On güne kalmadan, 9 Temmuz günü, Maltepe’ye ulaşıldığında muhalefetin eriştiği en kalabalık bir gruba dönüşmesi bekleniyor Kılıçdaroğlu’nun başını çektiği yürüyüşün…
İktidar partisi rahatsız mı?
Desteğini iktidardan esirgemeyen çevre, yazarı ve gazetecisi, orada büyük bir rahatsızlık yaşandığı izlenimi veriyor.
Her gün Kılıçdaroğlu’nun şahsından hareketle CHP’nin geçmişteki yanlışlarına değinen, orada kalmayıp bugünkü yürüyüşü de sakıncalı bulan değerlendirmeler okuyor, yorumlar dinliyoruz.

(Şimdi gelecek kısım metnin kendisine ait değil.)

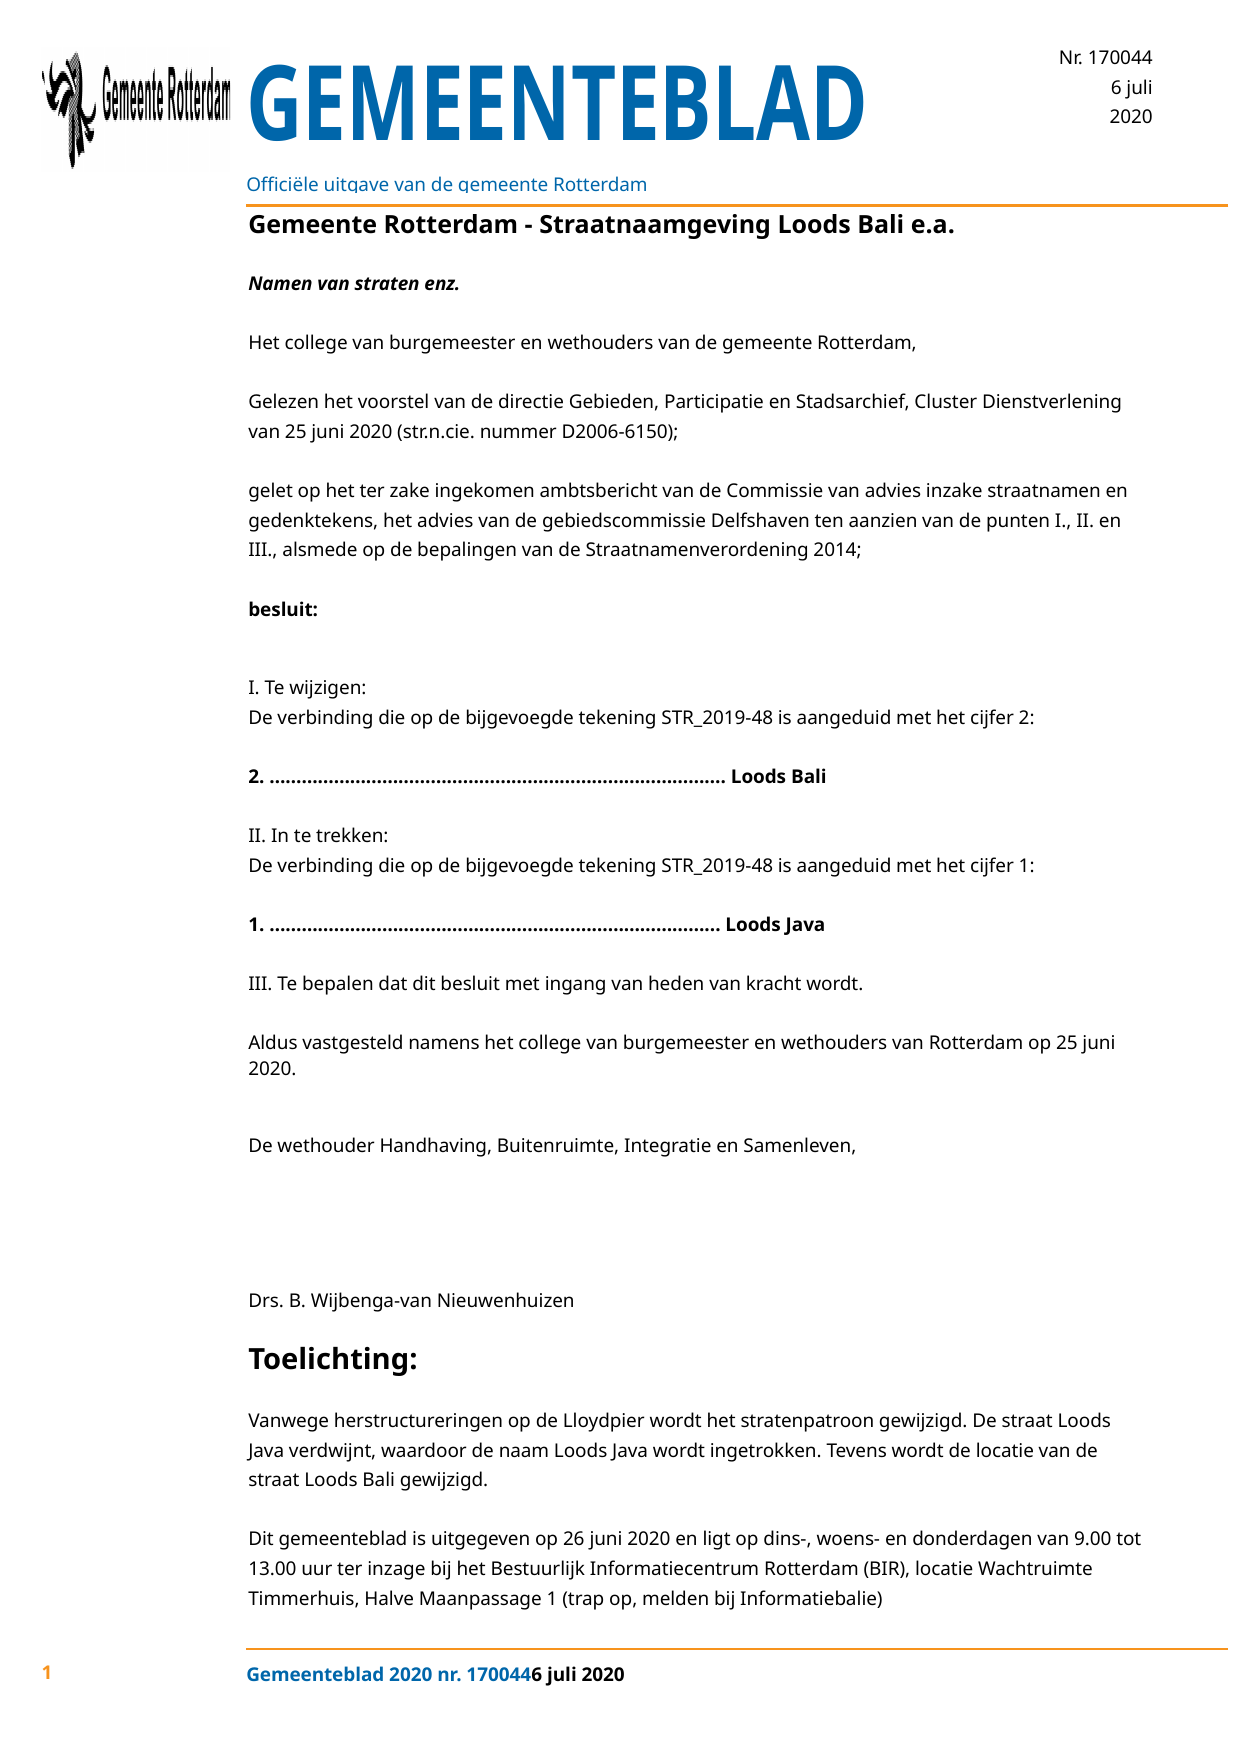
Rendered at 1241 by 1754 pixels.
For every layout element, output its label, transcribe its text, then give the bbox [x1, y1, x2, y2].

text III. Te bepalen dat dit besluit met ingang van heden van kracht wordt. [248, 970, 1152, 996]
text Namen van straten enz. [248, 270, 1152, 296]
text II. In te trekken: [248, 822, 1152, 848]
text 2. …………………………………………………………………………. Loods Bali [248, 763, 1152, 789]
text Dit gemeenteblad is uitgegeven op 26 juni 2020 en ligt op dins-, woens- en donderdagen van 9.00 tot 13.00 uur ter inzage bij het Bestuurlijk Informatiecentrum Rotterdam (BIR), locatie Wachtruimte Timmerhuis, Halve Maanpassage 1 (trap op, melden bij Informatiebalie) [248, 1526, 1152, 1610]
text Vanwege herstructureringen op de Lloydpier wordt het stratenpatroon gewijzigd. De straat Loods Java verdwijnt, waardoor de naam Loods Java wordt ingetrokken. Tevens wordt de locatie van de straat Loods Bali gewijzigd. [248, 1407, 1152, 1492]
text besluit: [248, 596, 1152, 621]
text Drs. B. Wijbenga-van Nieuwenhuizen [248, 1287, 1152, 1313]
text Gelezen het voorstel van de directie Gebieden, Participatie en Stadsarchief, Cluster Dienstverlening van 25 juni 2020 (str.n.cie. nummer D2006-6150); [248, 389, 1152, 444]
text De verbinding die op de bijgevoegde tekening STR_2019-48 is aangeduid met het cijfer 1: [248, 852, 1152, 878]
text I. Te wijzigen: [248, 674, 1152, 700]
text Het college van burgemeester en wethouders van de gemeente Rotterdam, [248, 329, 1152, 355]
picture [41, 47, 231, 172]
text gelet op het ter zake ingekomen ambtsbericht van de Commissie van advies inzake straatnamen en gedenktekens, het advies van de gebiedscommissie Delfshaven ten aanzien van de punten I., II. en III., alsmede op de bepalingen van de Straatnamenverordening 2014; [248, 477, 1152, 562]
text Gemeente Rotterdam - Straatnaamgeving Loods Bali e.a. [248, 207, 1152, 241]
text Toelichting: [248, 1338, 1152, 1378]
text De wethouder Handhaving, Buitenruimte, Integratie en Samenleven, [248, 1132, 1152, 1158]
text De verbinding die op de bijgevoegde tekening STR_2019-48 is aangeduid met het cijfer 2: [248, 704, 1152, 730]
text 1. ………………………………………………………………………... Loods Java [248, 911, 1152, 937]
text Aldus vastgesteld namens het college van burgemeester en wethouders van Rotterdam op 25 juni 2020. [248, 1029, 1152, 1081]

AK Parti ise, ilk günlerde verdiği acele tepkilerden sonra, biraz sakinleşti sanki. Partinin resmi sözcüleri, muhalefeti suçlayıcı, yürüyüşü önemsiz gösteren açıklamalar yapmakla yetiniyor; yürüyüşün bir adi vak’aya, bir güvenlik olayına dönüşmemesi için gerekli devlet tedbirini almaktan geri durmuyor hükümet.
Doğru da yapıyor.
Pankartlar üzerinde yazılı o tek sözcük CHP’nin inhisarında değil çünkü: Adalet herkese lâzım.
İktidar partisinin önümüzdeki 9 günü konunun bu yönü üzerinde düşünerek geçirmesinde yarar bile var.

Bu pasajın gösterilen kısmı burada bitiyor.